In the 1960s and 1970s, Armand de Ricqlès made significant strides in paleohistology by correlating histological features with growth rates and thermal physiology in extinct organisms. Drawing from neontological observations, de Ricqlès demonstrated that avascular bone is deposited more slowly than vascular bone, with implications for understanding the physiology of extinct taxa. His work on dinosaur bone histology suggested physiological similarities between dinosaurs and endothermic birds, challenging prevailing notions of reptilian physiology.

Recent studies in paleohistology have expanded our understanding of ancient tissues, with a focus on quantitative analyses, comparative histology, and interdisciplinary approaches. Ongoing research continues to uncover new insights into the biology and evolution of extinct organisms, leveraging advancements in imaging technology and analytical techniques.

== Methods ==

Paleohistologists employ a variety of techniques to study ancient tissues, including thin sectioning, histological staining, and microscopy. Thin sectioning involves cutting slices of fossilized bone or tooth tissue, which are then mounted on slides and examined under a microscope. Histological staining techniques allow researchers to visualize different tissue types, such as bone, cartilage, and teeth, while microscopy enables detailed examination of cellular structures.

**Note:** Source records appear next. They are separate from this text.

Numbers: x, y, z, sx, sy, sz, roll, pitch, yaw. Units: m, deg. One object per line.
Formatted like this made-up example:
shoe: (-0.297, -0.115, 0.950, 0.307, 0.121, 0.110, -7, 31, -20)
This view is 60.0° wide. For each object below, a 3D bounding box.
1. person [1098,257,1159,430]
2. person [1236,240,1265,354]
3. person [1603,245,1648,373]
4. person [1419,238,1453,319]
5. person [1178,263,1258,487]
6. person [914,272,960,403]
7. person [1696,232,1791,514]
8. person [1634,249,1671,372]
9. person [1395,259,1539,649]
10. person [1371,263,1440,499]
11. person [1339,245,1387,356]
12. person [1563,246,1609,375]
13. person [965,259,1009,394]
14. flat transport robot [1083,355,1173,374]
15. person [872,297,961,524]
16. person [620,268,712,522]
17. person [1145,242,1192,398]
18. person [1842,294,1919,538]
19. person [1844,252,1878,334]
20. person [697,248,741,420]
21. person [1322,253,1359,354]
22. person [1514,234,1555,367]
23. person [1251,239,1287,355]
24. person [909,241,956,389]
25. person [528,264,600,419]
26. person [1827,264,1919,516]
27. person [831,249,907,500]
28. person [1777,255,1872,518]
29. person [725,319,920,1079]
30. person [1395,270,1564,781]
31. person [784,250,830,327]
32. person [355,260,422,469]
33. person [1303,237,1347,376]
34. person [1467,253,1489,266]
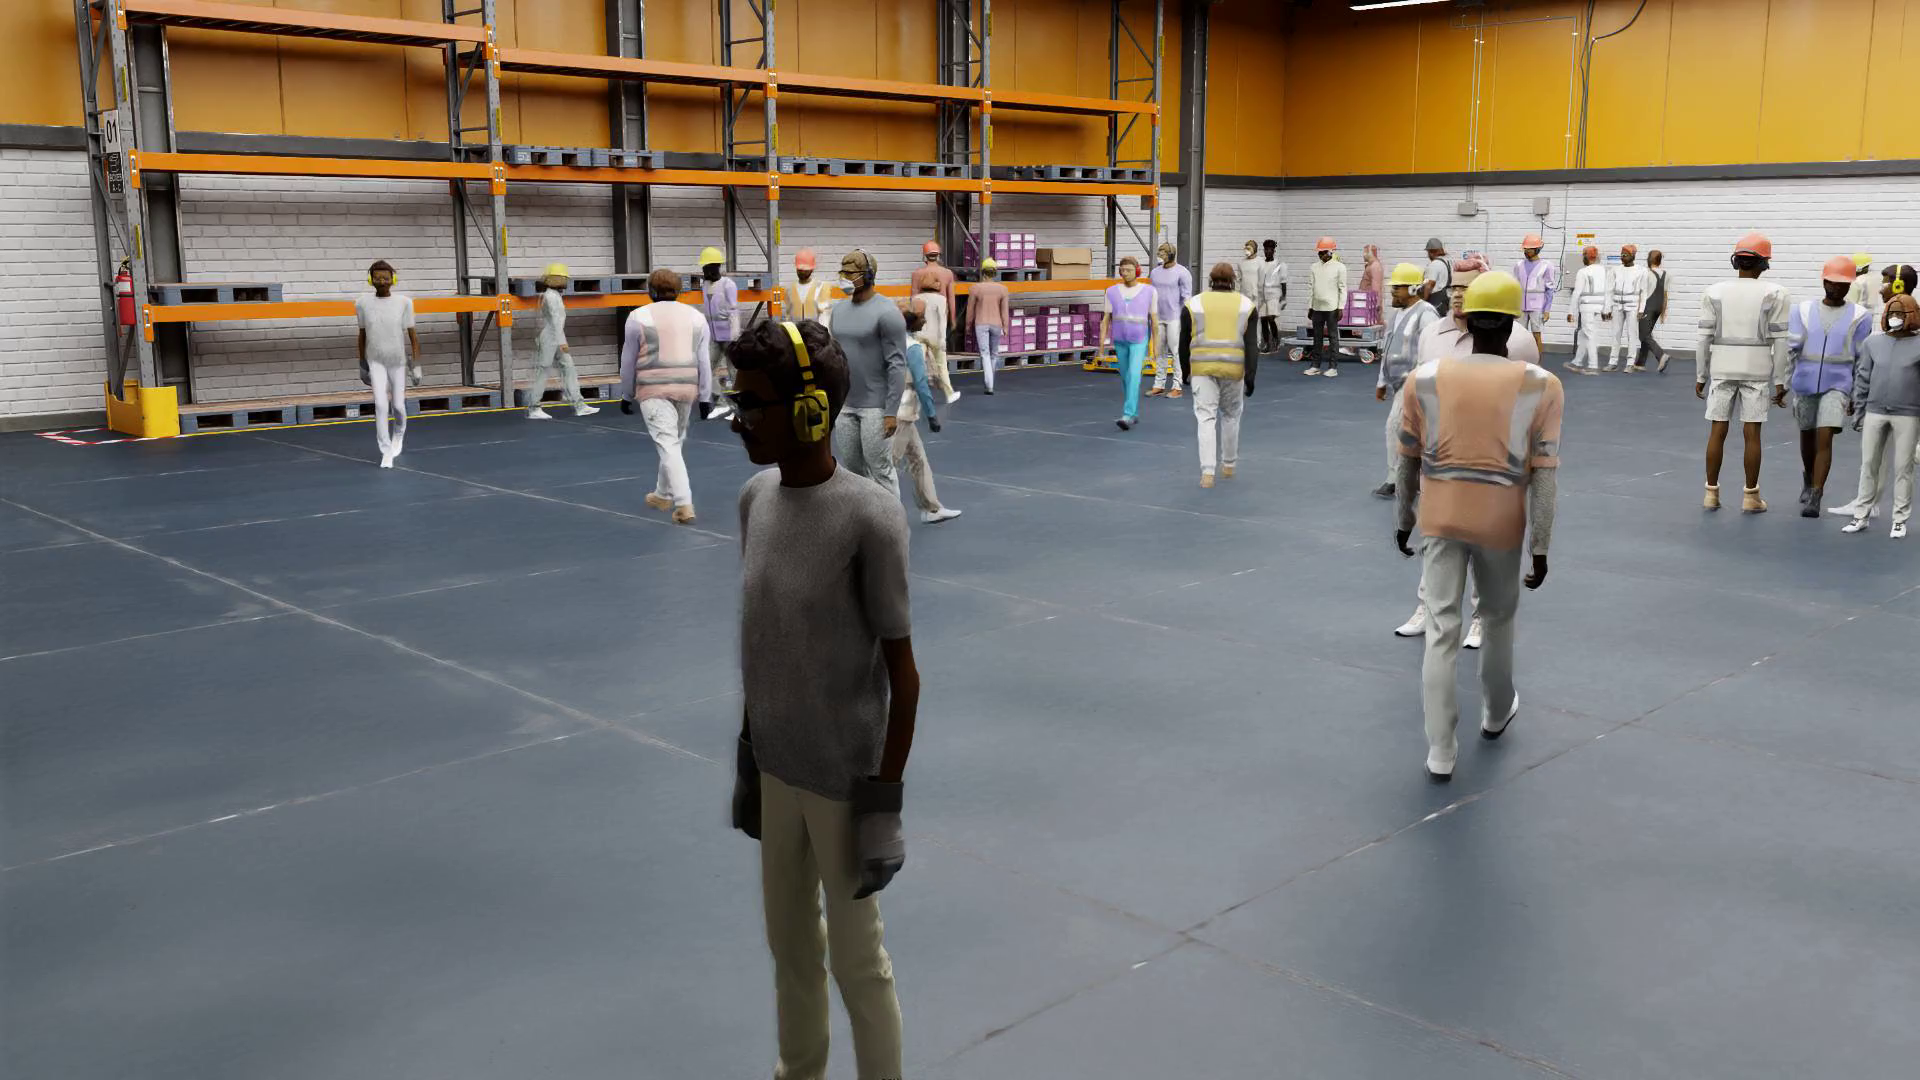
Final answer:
person: (1.755, -2.059, 17.451, 0.597, 1.790, 0.968, 5, 11, 25)
person: (4.976, -4.141, 28.405, 0.372, 1.939, 0.629, -10, 14, -42)
person: (9.844, -3.412, 24.579, 0.356, 1.883, 0.575, -10, 14, -42)
person: (7.768, -3.986, 27.278, 1.040, 2.000, 0.689, 6, 12, 31)
person: (2.108, -1.365, 13.671, 0.624, 1.789, 0.941, 1, 10, 5)
person: (-0.338, -2.392, 19.818, 0.531, 1.583, 0.868, 7, 12, 33)
person: (5.710, -1.214, 12.159, 0.612, 2.041, 0.394, 7, 13, 35)
person: (10.225, -3.366, 24.521, 0.528, 1.821, 0.800, -4, 11, -23)
person: (2.483, -0.421, 8.210, 0.399, 1.908, 0.643, -10, 14, -42)
person: (3.385, -1.219, 12.822, 0.680, 1.804, 0.620, -2, 11, -10)
person: (6.765, -3.983, 27.762, 0.976, 1.860, 0.649, 3, 11, 18)
person: (9.109, -3.361, 24.365, 0.601, 1.856, 0.834, -6, 12, -30)
person: (0.345, -2.750, 21.423, 0.526, 1.720, 0.908, -3, 11, -15)
flat transport robot: (2.567, -2.594, 24.516, 0.652, 0.197, 1.431, -10, 14, -44)
person: (-0.299, -0.835, 11.282, 0.824, 1.603, 0.515, -3, 11, -17)
person: (-2.101, -1.042, 11.937, 0.616, 1.797, 0.975, -7, 13, -35)
person: (2.606, -2.739, 20.771, 0.372, 1.935, 0.629, -10, 14, -42)
person: (6.268, -0.829, 11.177, 0.280, 1.632, 0.501, -10, 14, -42)
person: (12.074, -2.938, 22.241, 0.591, 1.803, 0.815, -9, 13, -39)
person: (-2.585, -2.228, 18.123, 0.588, 1.887, 0.595, 9, 14, 42)
person: (6.419, -4.001, 28.192, 0.730, 1.734, 0.560, 0, 10, -1)
person: (7.995, -3.259, 23.328, 0.402, 2.036, 0.609, -10, 14, -42)
person: (5.212, -4.106, 28.157, 0.615, 1.951, 0.411, 9, 13, 39)
person: (-0.362, -2.982, 22.118, 0.627, 1.943, 1.029, -5, 12, -25)
person: (-4.399, -2.185, 18.376, 0.857, 1.697, 0.517, 0, 10, -1)
person: (6.750, -1.022, 11.751, 0.897, 1.829, 0.529, 6, 12, 29)
person: (-0.584, -0.817, 10.277, 0.372, 1.939, 0.629, -10, 14, -42)
person: (6.352, -1.145, 12.229, 0.550, 1.893, 1.010, 7, 12, 33)
person: (-0.297, 0.494, 3.356, 0.329, 1.857, 0.513, -10, 14, -42)
person: (1.983, -0.078, 6.395, 0.613, 1.880, 0.955, 5, 11, 24)
person: (-1.640, -2.132, 17.662, 0.534, 1.867, 0.993, 3, 11, 14)
person: (-5.076, -1.583, 14.805, 0.523, 1.826, 0.921, -3, 11, -18)
person: (5.262, -3.349, 23.951, 0.399, 1.987, 0.612, -10, 14, -42)
person: (4.983, -1.830, 16.051, 1.031, 1.856, 0.661, -1, 10, -6)
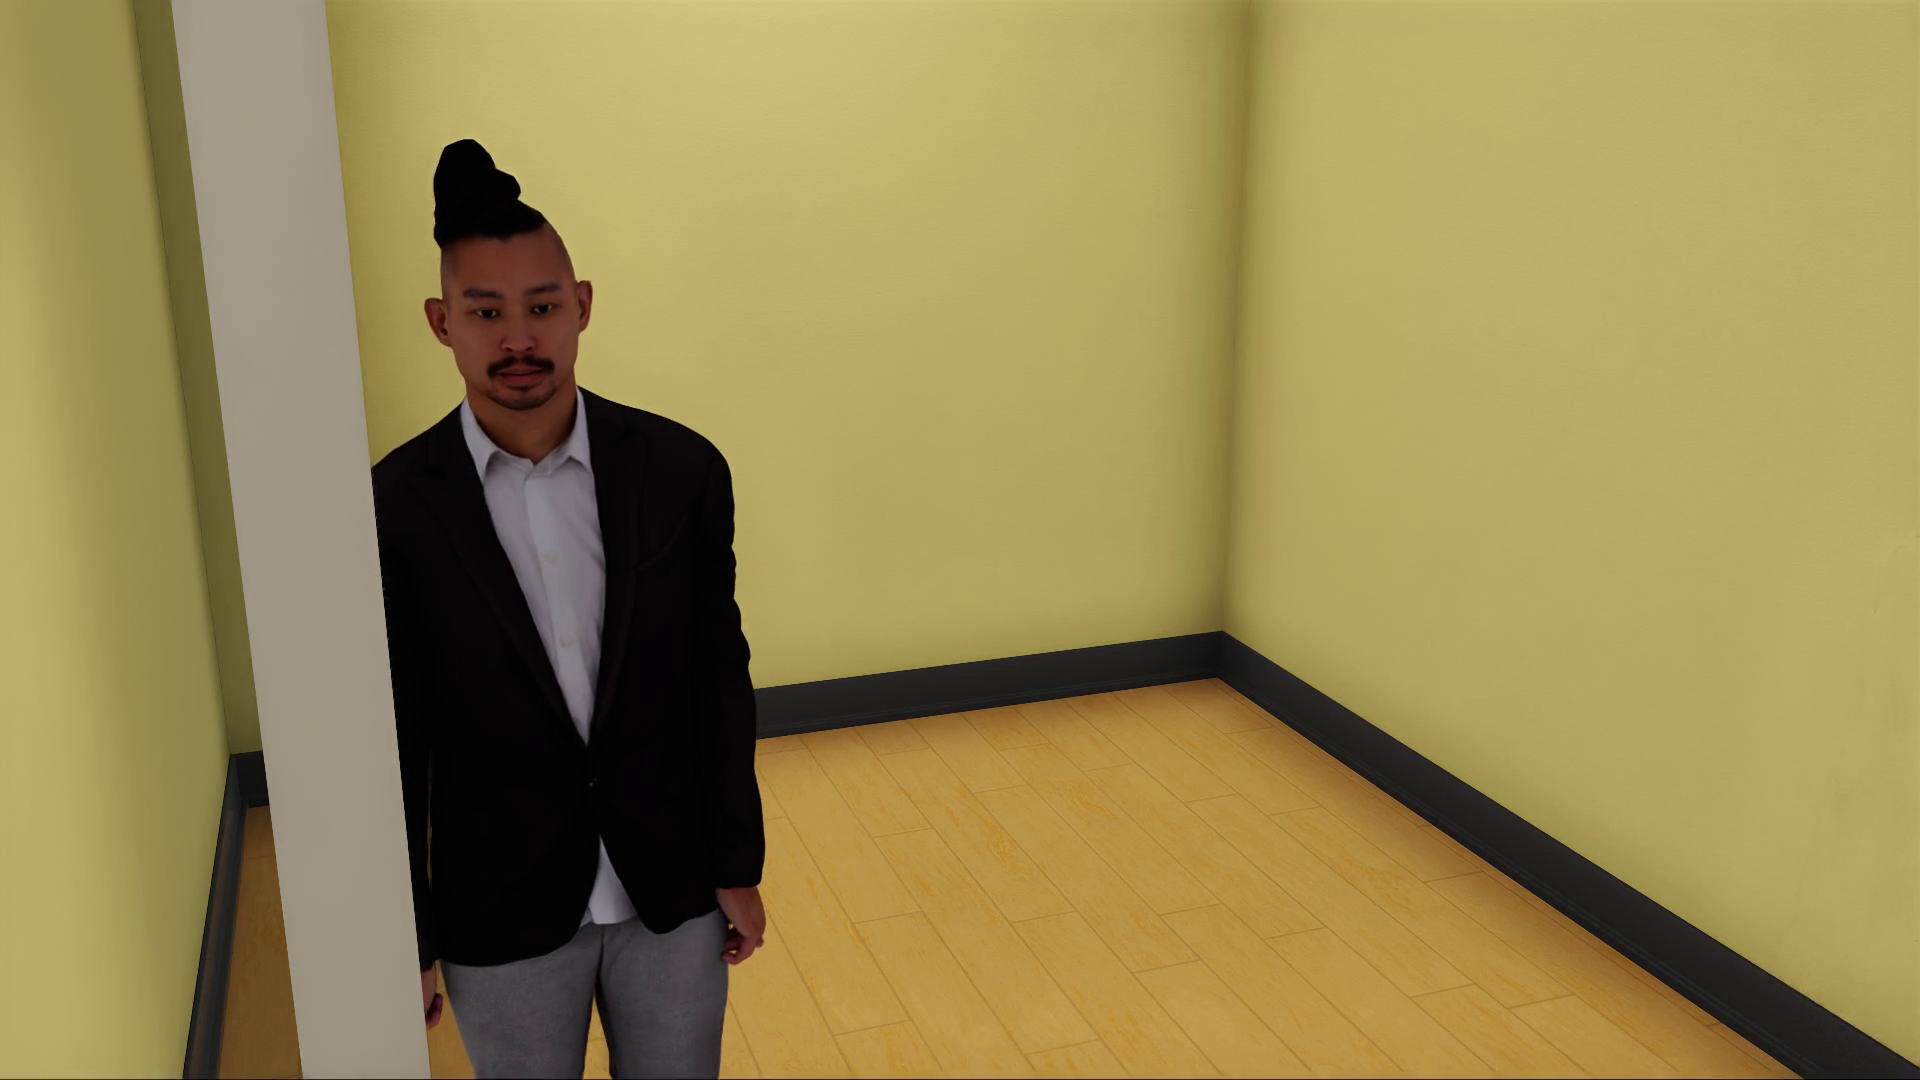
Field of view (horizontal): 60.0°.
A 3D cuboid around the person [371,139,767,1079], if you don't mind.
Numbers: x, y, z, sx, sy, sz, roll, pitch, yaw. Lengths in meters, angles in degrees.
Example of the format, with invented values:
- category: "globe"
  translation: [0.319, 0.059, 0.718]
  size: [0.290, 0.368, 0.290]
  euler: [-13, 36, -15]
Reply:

Recent advances in imaging technology, such as confocal microscopy and synchrotron radiation, have revolutionized paleohistology by providing higher resolution imaging and non-destructive analysis of fossil specimens.

== Applications ==

Paleohistology has diverse applications in paleontology, evolutionary biology, and related fields. By analyzing the microstructure of fossilized tissues, paleohistologists can infer growth rates, metabolic rates, and physiological adaptations of extinct organisms. This information contributes to our understanding of vertebrate evolution, including the origins of flight in birds, the evolution of mammalian reproduction, and the diversity of dinosaurian growth strategies.

Additionally, paleohistological data can provide insights into paleoecological dynamics, such as population demographics, habitat preferences, and responses to environmental change. By reconstructing past environments and ecosystems, paleohistology helps scientists understand the long-term effects of climate change, mass extinctions, and other evolutionary processes.